Много лет сдерживаемая гордость, чувство собственного достоинства проявились после освобождения необычайно остро. Он даже думать не хочет о службе в Академии: «Все я был под началом, да опять придется подчиняться то Оленину, то тому, то другому…» Видимо, Тропинин хорошо понимал сущность новых порядков, введенных в Академии Олениным, которые полностью превратили ее в придворное чиновничье заведение. Как мало значила для него эта Академия, свидетельствует то, что художник даже не взял присужденных ему когда-то медалей, а напоминавшему о них Щукину сказал: «Пусть остаются другим!» В дальнейшем он так ни разу и не прислал своих произведений на академические выставки.
Рамазанов объясняет разрыв Тропинина с Академией завистью со стороны петербургских портретистов, боявшихся конкуренции и при встречах с Василием Андреевичем неизменно спрашивавших: «А скоро ли ты, братец, уедешь?» Однако причины разрыва были более глубокими. В Петербурге, по сути, не поняли и не приняли искусства Тропинина. С позиций того требования, которое предъявлялось к искусству официальной критикой, — изображать все изящное и приятное, в картинах его отмечали миловидность натуры и верную ее передачу, а также приятность в расцвечивании. Ни национальная самобытность искусства Тропинина, черпавшего свое содержание в русской жизни, ни народность его образов, ни реализм изображения не были поняты и оценены академическими собратьями.
В Петербурге Тропинин получил множество заказов на портреты, в том числе, по-видимому, исполнил портрет М. М. Сперанского. Однако его глубоко оскорбляет теперь необходимость до полудня дожидаться пробуждения какого-то важного сановника, пригласившего его писать портрет. Он отказывается от самого заказа, говоря, что в Петербурге спят очень долго, а в Москве до первого часа можно наработаться вдоволь. И тут же, оставив все выгодные работы, уезжает в Москву.
В Москве он также категорически отказывается от казенной службы, отвечая на предложение Моркова выхлопотать ему место учителя в кремлевской школе: «Я хочу теперь спокойной жизни, ваше сиятельство, и никакой официальной обязанности на себя не приму».

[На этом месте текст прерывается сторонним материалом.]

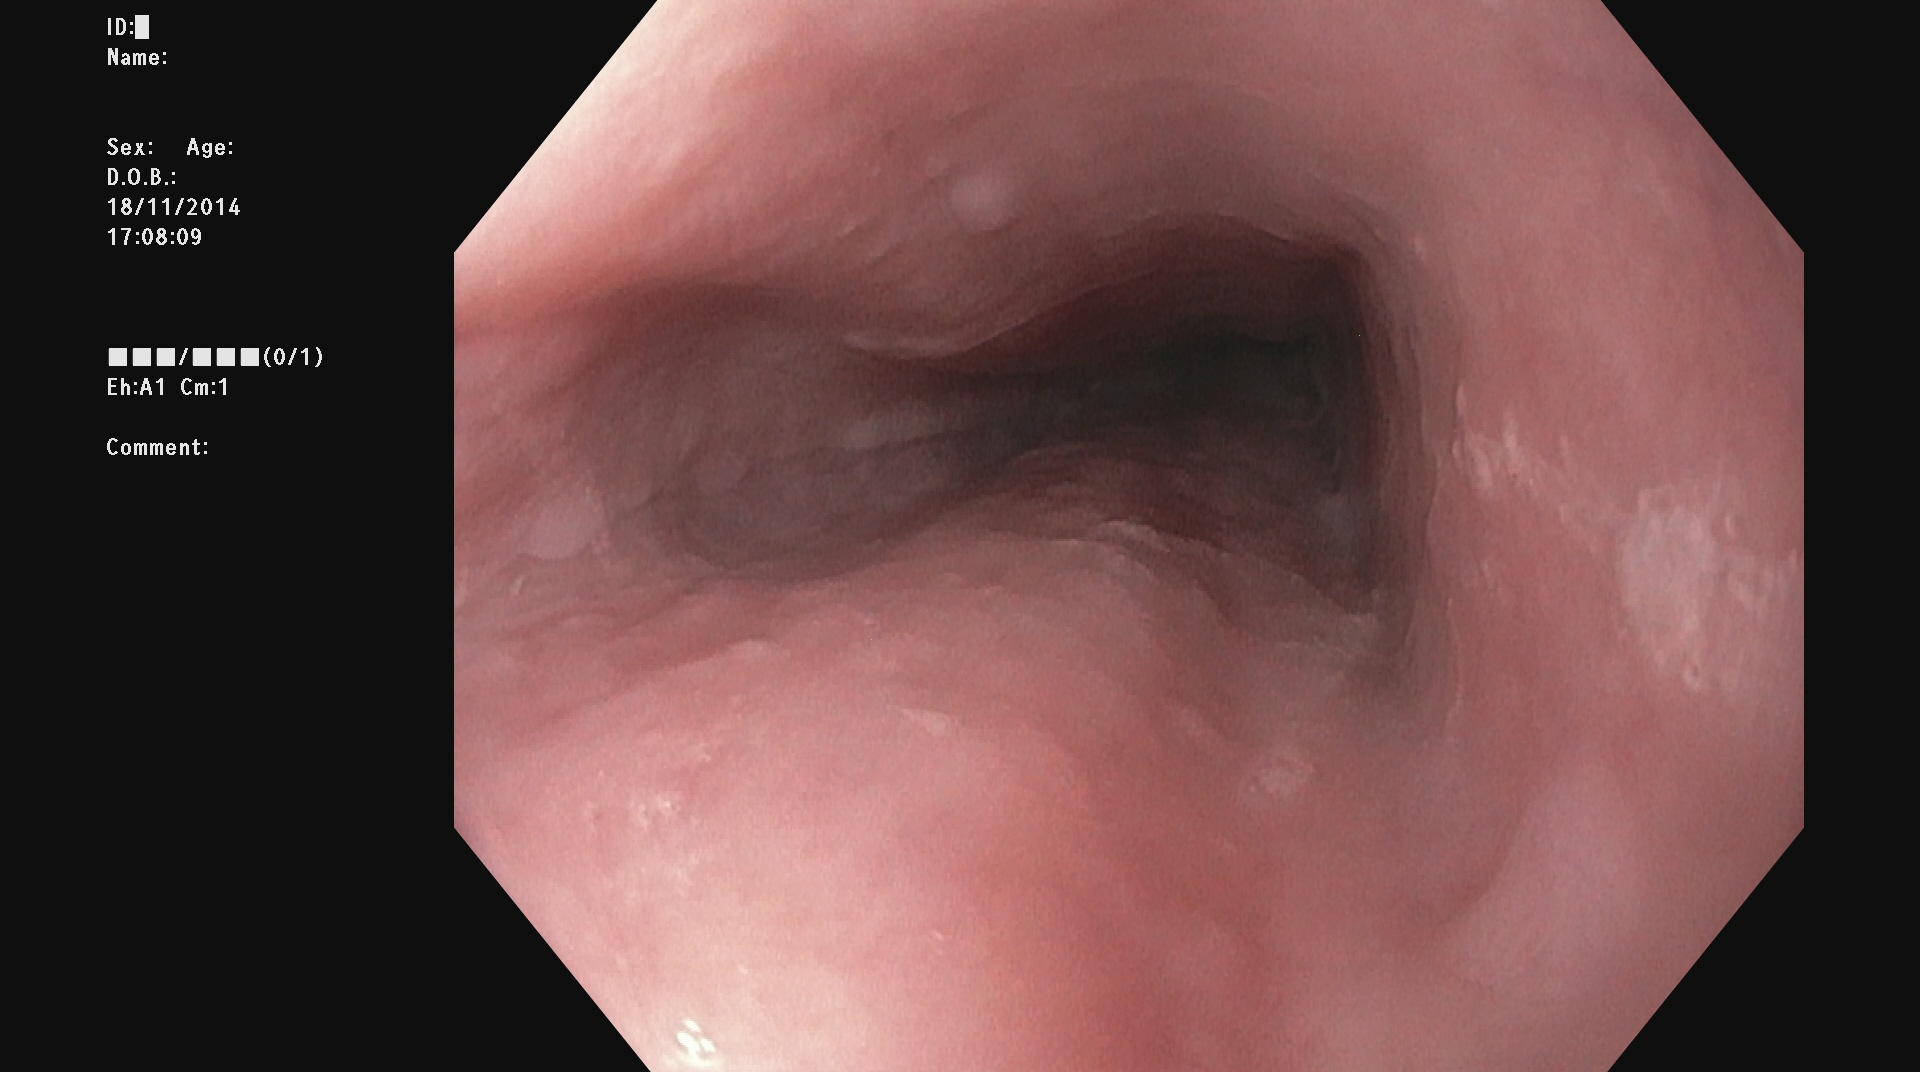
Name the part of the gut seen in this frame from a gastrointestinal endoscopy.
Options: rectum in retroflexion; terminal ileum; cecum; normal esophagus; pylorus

normal esophagus
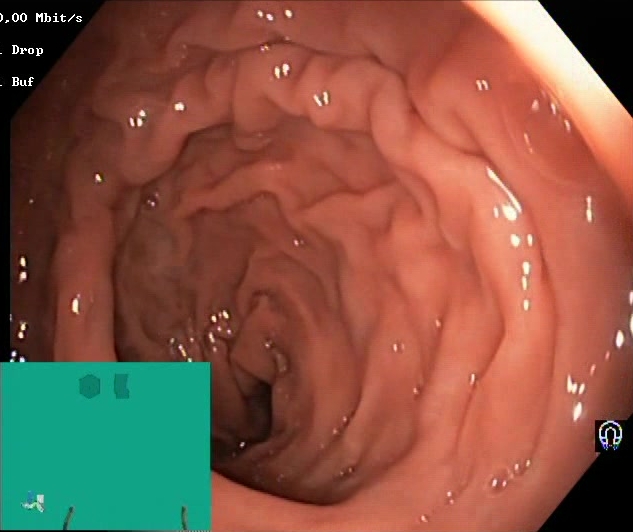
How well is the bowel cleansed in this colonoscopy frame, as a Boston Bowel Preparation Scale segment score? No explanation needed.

Boston Bowel Preparation Scale score 2–3 (adequate preparation)
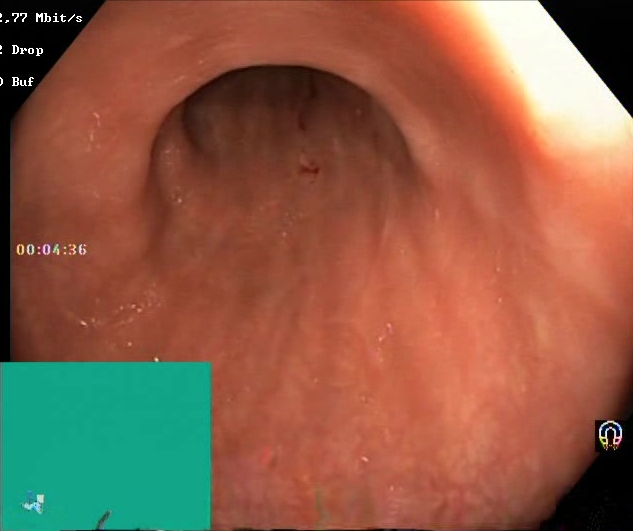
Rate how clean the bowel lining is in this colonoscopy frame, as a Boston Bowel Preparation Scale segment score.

Boston Bowel Preparation Scale score 2–3 (adequate preparation)
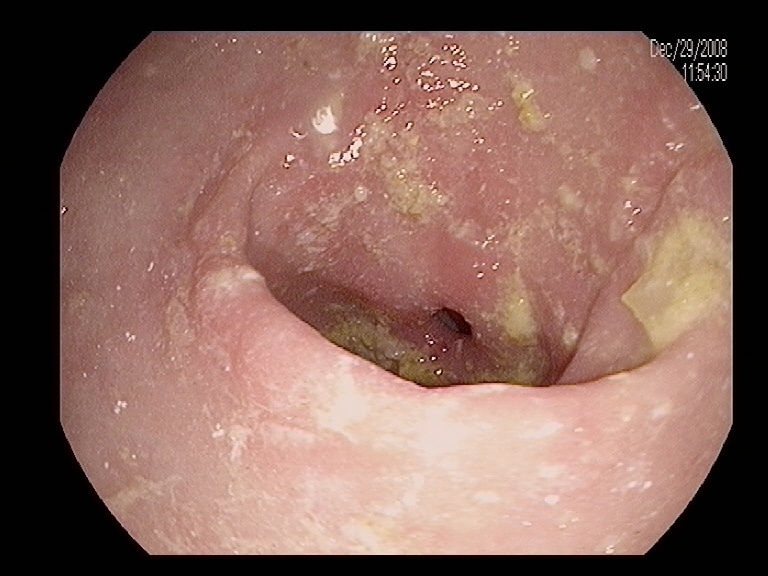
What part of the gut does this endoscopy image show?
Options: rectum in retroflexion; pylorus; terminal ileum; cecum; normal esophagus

pylorus
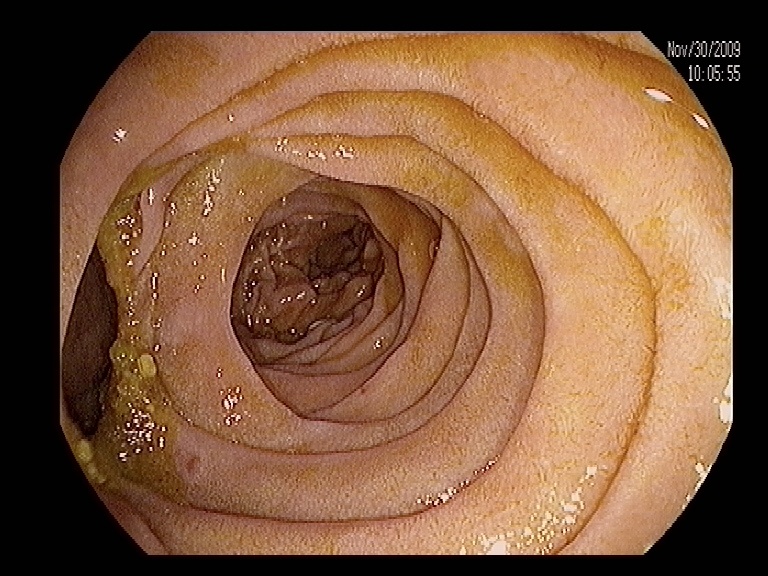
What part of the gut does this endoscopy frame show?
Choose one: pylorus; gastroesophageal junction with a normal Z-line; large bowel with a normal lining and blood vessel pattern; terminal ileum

terminal ileum
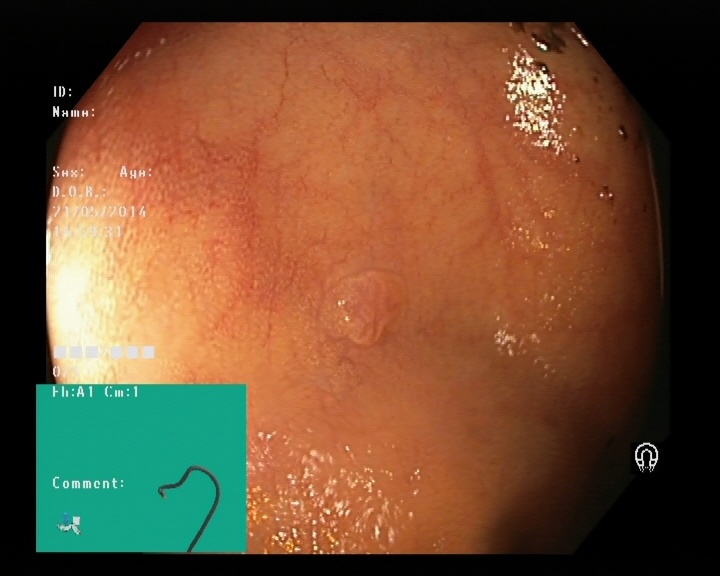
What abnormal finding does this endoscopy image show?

Все последующие годы Тропинин жил в Москве на средства, доставляемые ему собственной кистью, не прибегая ни к помощи Академии, ни к сиятельным меценатам.
Москва за три прошедших года внешне почти не переменилась. Однако внутренний дух жизни стал иным. Восторженная юная романтичность 1810-х годов, питаемая отзвуками недавних побед, отступила перед зрелостью возмужавшего общества. Реальное понимание действительности понемногу сменяло иллюзии. В гостиных теперь реже звучало имя императора, все чаще слышались эпиграммы на его приближенных. Потребность в каких-то новых, коренных преобразованиях была очевидна всем, но никто более не ждал их от царя, хотя Александр и вернул из ссылки Сперанского, поручив ему составление проекта освобождения крепостных.
В доме Моркова Тропинин был далек от передового движения начала 20-х годов, однако влияние его было велико, идеи гуманного, справедливого преобразования жизни проникали в любые салоны, пронизывали буквально все русское общество, которое бурлило, волновалось, спорило по таким важнейшим проблемам, как права человека, морально-этический долг его перед обществом, служение народу, вопросы нравственности, права и обязанности власти. Безучастным не оставался никто.
Под натиском решительного наступления свободолюбивых идей сплачивали ряды и вооружались их противники, поднимая на щит русское православие, патриархальность уклада народной жизни, нарушение которого якобы грозило всеобщим падением нравственности.
Сложность внутренней политической обстановки обусловливалась тем, что и те и другие выступали с критикой существующих порядков, те и другие были недовольны царем.
Искусство также было ареной борьбы, где в острой дискуссии скрещивались шпаги противников.
Тон в дискуссии задавали будущие декабристы и близкие к ним деятели.